I have only recently in the past few weeks begun to use low dose (15-30mg dextromethorphan over 12 hours) NMDA antagonists, and am hoping my dosing is too low to be considered a "strong NMDA antagonist". To my understanding DXM is not the strongest NMDA antagonist, I believe that Memantine is much more potent on NMDA antagonism.

hey, i'm genuinely curious about this. DXM is available as a cough syrup here, with 100mg DXM inside, but most pharmacies won't sell you one or two. i took it a few times, mainly as a sleeping aid during GHB withdrawal - god i was desperate - and 100-200mg kinda knocked me out for a while with really weird dreams/closed eye hallucinations. then i once drank four bottles - god that shit tastes godawful, imagine some vile chemical caramel taste with a plethora of other, much worse tastes. and it had the consistency of some weird jello/slime mutation, with an excrutiating bitter, slightly caustic liquid running sloshing around in their.

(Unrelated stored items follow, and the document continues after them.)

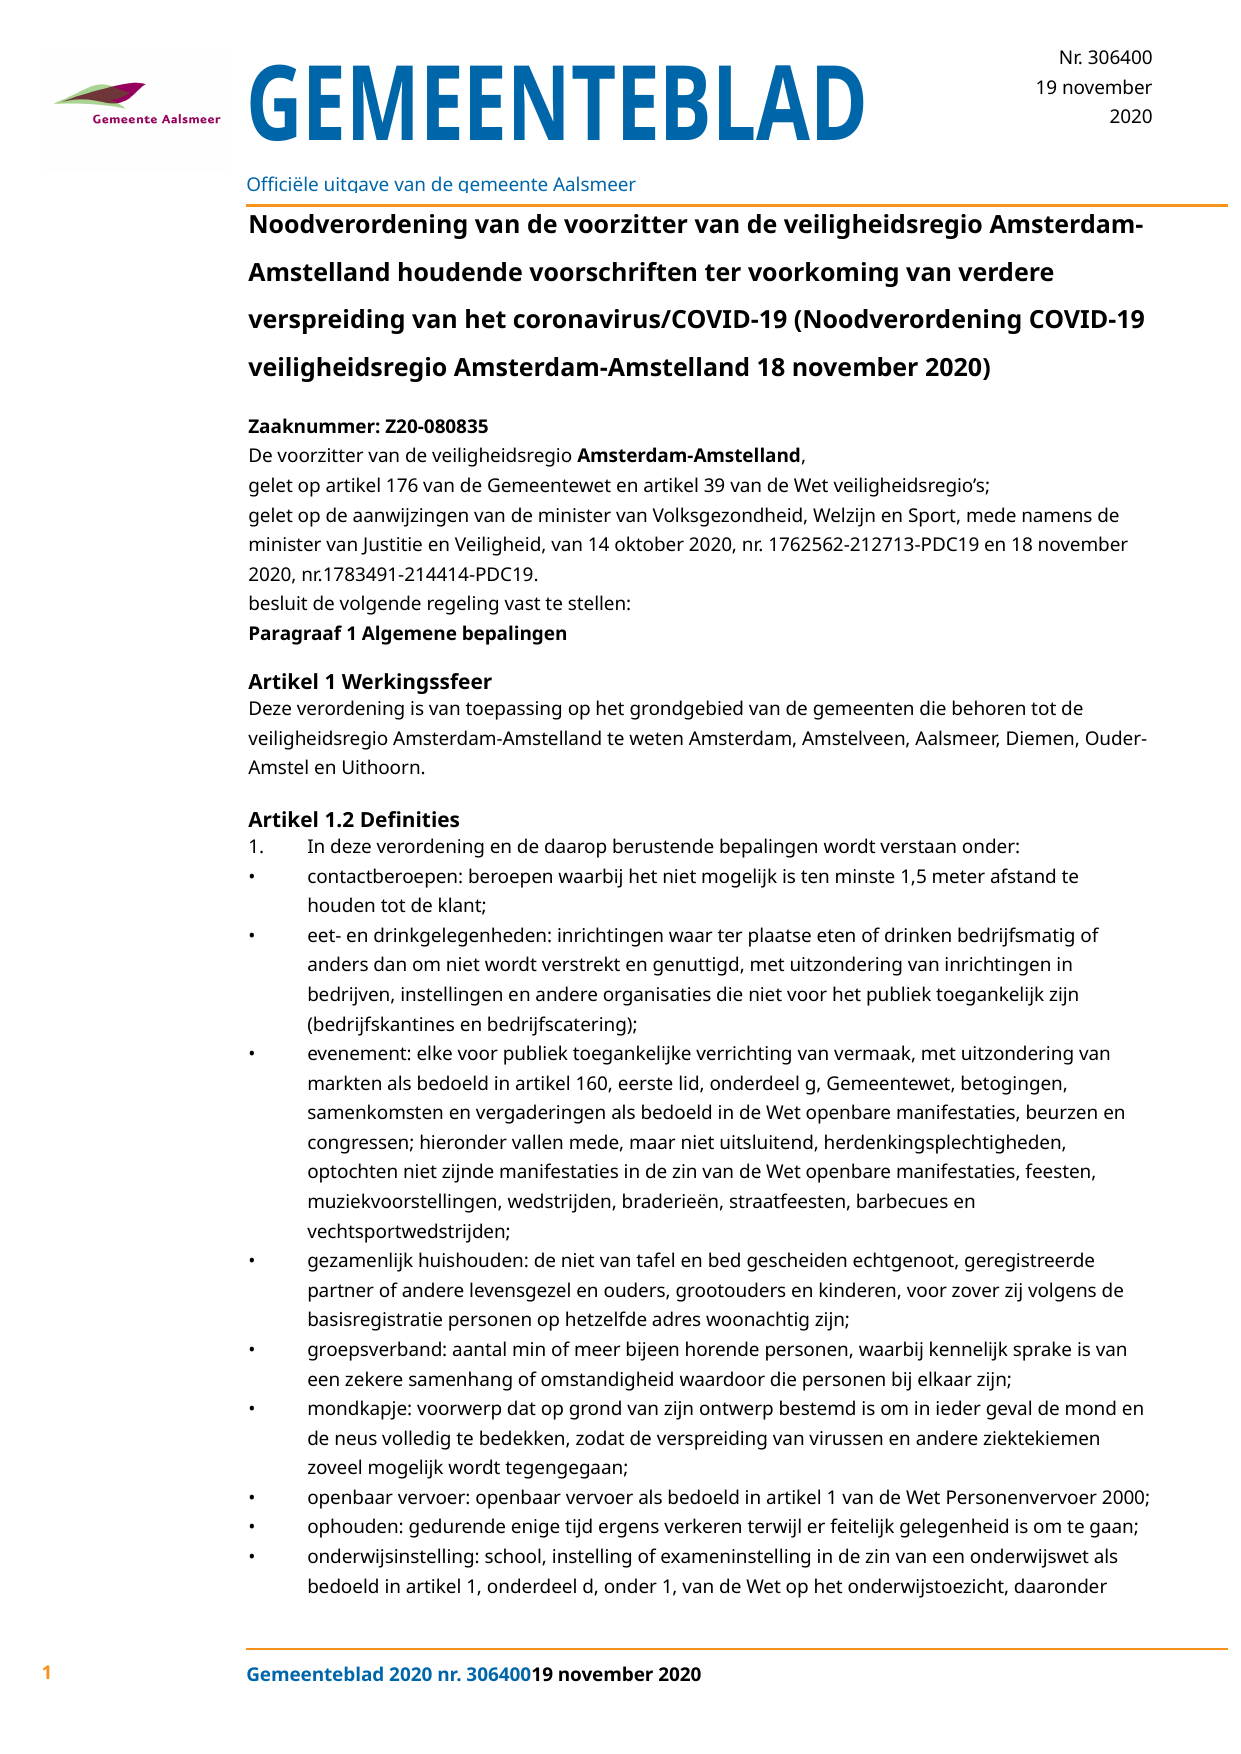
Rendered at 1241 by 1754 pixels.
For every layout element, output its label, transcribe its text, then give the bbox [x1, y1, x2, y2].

list openbaar vervoer: openbaar vervoer als bedoeld in artikel 1 van de Wet Personenvervoer 2000; [248, 1484, 1152, 1510]
list eet- en drinkgelegenheden: inrichtingen waar ter plaatse eten of drinken bedrijfsmatig of anders dan om niet wordt verstrekt en genuttigd, met uitzondering van inrichtingen in bedrijven, instellingen en andere organisaties die niet voor het publiek toegankelijk zijn (bedrijfskantines en bedrijfscatering); [248, 922, 1152, 1036]
list gezamenlijk huishouden: de niet van tafel en bed gescheiden echtgenoot, geregistreerde partner of andere levensgezel en ouders, grootouders en kinderen, voor zover zij volgens de basisregistratie personen op hetzelfde adres woonachtig zijn; [248, 1247, 1152, 1332]
list evenement: elke voor publiek toegankelijke verrichting van vermaak, met uitzondering van markten als bedoeld in artikel 160, eerste lid, onderdeel g, Gemeentewet, betogingen, samenkomsten en vergaderingen als bedoeld in de Wet openbare manifestaties, beurzen en congressen; hieronder vallen mede, maar niet uitsluitend, herdenkingsplechtigheden, optochten niet zijnde manifestaties in de zin van de Wet openbare manifestaties, feesten, muziekvoorstellingen, wedstrijden, braderieën, straatfeesten, barbecues en vechtsportwedstrijden; [248, 1040, 1152, 1243]
text gelet op de aanwijzingen van de minister van Volksgezondheid, Welzijn en Sport, mede namens de minister van Justitie en Veiligheid, van 14 oktober 2020, nr. 1762562-212713-PDC19 en 18 november 2020, nr.1783491-214414-PDC19. [248, 502, 1152, 587]
text Artikel 1 Werkingssfeer [248, 667, 1152, 695]
text De voorzitter van de veiligheidsregio Amsterdam-Amstelland, [248, 443, 1152, 468]
text Noodverordening van de voorzitter van de veiligheidsregio Amsterdam-Amstelland houdende voorschriften ter voorkoming van verdere verspreiding van het coronavirus/COVID-19 (Noodverordening COVID-19 veiligheidsregio Amsterdam-Amstelland 18 november 2020) [248, 207, 1152, 384]
text Deze verordening is van toepassing op het grondgebied van de gemeenten die behoren tot de veiligheidsregio Amsterdam-Amstelland te weten Amsterdam, Amstelveen, Aalsmeer, Diemen, Ouder-Amstel en Uithoorn. [248, 695, 1152, 780]
list contactberoepen: beroepen waarbij het niet mogelijk is ten minste 1,5 meter afstand te houden tot de klant; [248, 863, 1152, 918]
text gelet op artikel 176 van de Gemeentewet en artikel 39 van de Wet veiligheidsregio’s; [248, 472, 1152, 498]
list groepsverband: aantal min of meer bijeen horende personen, waarbij kennelijk sprake is van een zekere samenhang of omstandigheid waardoor die personen bij elkaar zijn; [248, 1336, 1152, 1391]
list onderwijsinstelling: school, instelling of exameninstelling in de zin van een onderwijswet als bedoeld in artikel 1, onderdeel d, onder 1, van de Wet op het onderwijstoezicht, daaronder [248, 1543, 1152, 1598]
text besluit de volgende regeling vast te stellen: [248, 591, 1152, 616]
text Artikel 1.2 Definities [248, 805, 1152, 833]
list ophouden: gedurende enige tijd ergens verkeren terwijl er feitelijk gelegenheid is om te gaan; [248, 1514, 1152, 1539]
text Paragraaf 1 Algemene bepalingen [248, 620, 1152, 646]
list In deze verordening en de daarop berustende bepalingen wordt verstaan onder: [248, 833, 1152, 859]
list mondkapje: voorwerp dat op grond van zijn ontwerp bestemd is om in ieder geval de mond en de neus volledig te bedekken, zodat de verspreiding van virussen en andere ziektekiemen zoveel mogelijk wordt tegengegaan; [248, 1395, 1152, 1480]
picture [41, 47, 231, 172]
text Zaaknummer: Z20-080835 [248, 413, 1152, 439]

anyway, sorry, i did't think DXM was active at all at those dosages, i mean 100mg just made me a bit sleepy and fucked in the head.
sorry, i know i could have formulated much, much, much shorter, so what did that do for you?

also, i know very little about ndma agonists, but i was always under the impression that phencyclidine was the most potent?
 
thanks for your replies everybody. So if i stop doing it for like a month or 2 i should be fine with 10-20mg of hydrocodone too? or is there no hope for that one. Also i dont steal anyone elses pain pills. I got the oxy's from a person who did not want them so they just gave them to me. I also get prescribed hycodan every 8 months or so because i get some nasty colds. and the vicodens i got were for back pain from a recent car wreck. but they also gave me gabapentin which is kind of working. so im saving the vikes for a rainy day
 
Yeah ime the more you binge the higher it gets and the more you wait the more it goes down. It can only go so low. Id atleast wait 2 weeks. Trust me opiates are amazing and if you want to keep the amount of money you spend low keep your using them to a minimum. Tolerance blows.